The task:
Where the material below has a line containing "to (472, 911)?", start repeating exactly, and keep going through the line containing "Example of the", with no other lines.

Material to process:
::::::

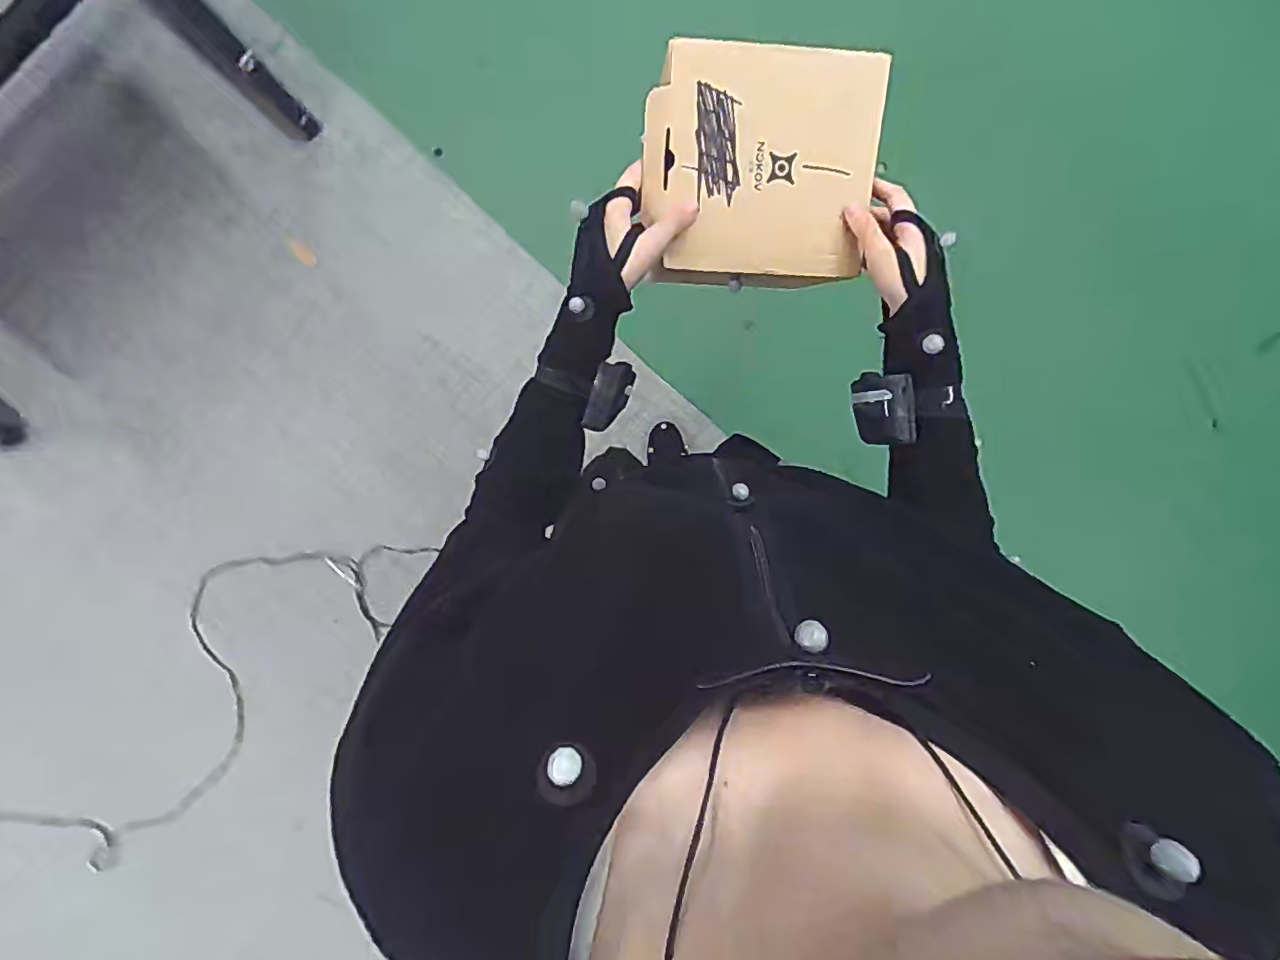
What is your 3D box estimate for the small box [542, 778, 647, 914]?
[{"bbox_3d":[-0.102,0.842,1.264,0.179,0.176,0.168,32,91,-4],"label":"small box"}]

::::::

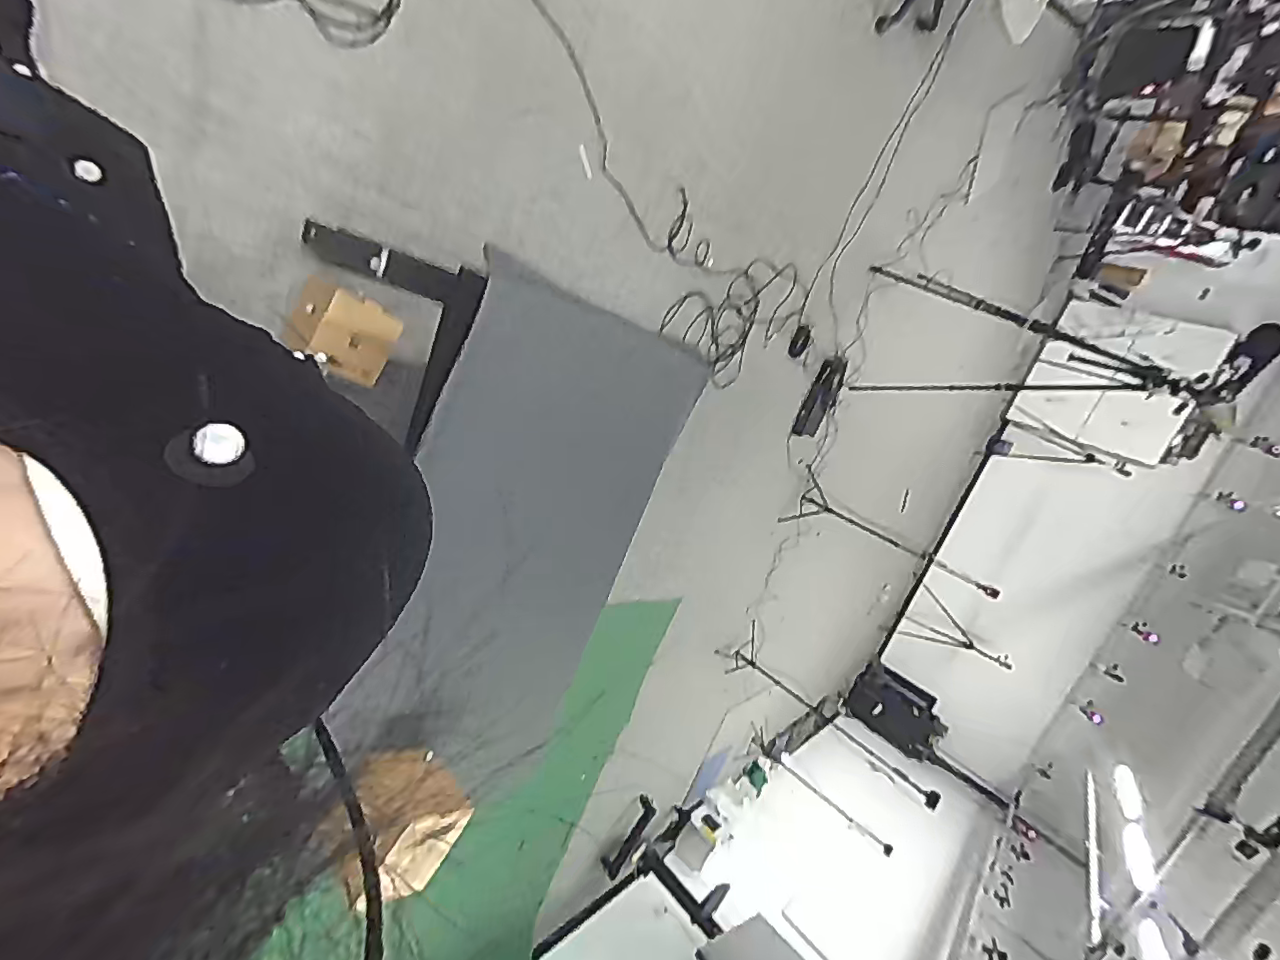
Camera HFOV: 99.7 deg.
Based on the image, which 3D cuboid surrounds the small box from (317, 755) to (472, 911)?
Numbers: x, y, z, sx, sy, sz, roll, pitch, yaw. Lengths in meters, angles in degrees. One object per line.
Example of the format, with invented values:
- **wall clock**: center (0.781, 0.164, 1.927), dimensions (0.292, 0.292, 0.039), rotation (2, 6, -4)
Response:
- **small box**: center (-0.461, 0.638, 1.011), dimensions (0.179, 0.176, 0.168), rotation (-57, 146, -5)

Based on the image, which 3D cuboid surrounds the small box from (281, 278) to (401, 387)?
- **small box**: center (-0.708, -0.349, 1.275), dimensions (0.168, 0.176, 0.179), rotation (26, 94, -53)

::::::

Answer for the task:
Based on the image, which 3D cuboid surrounds the small box from (317, 755) to (472, 911)?
Numbers: x, y, z, sx, sy, sz, roll, pitch, yaw. Lengths in meters, angles in degrees. One object per line.
Example of the format, with invented values:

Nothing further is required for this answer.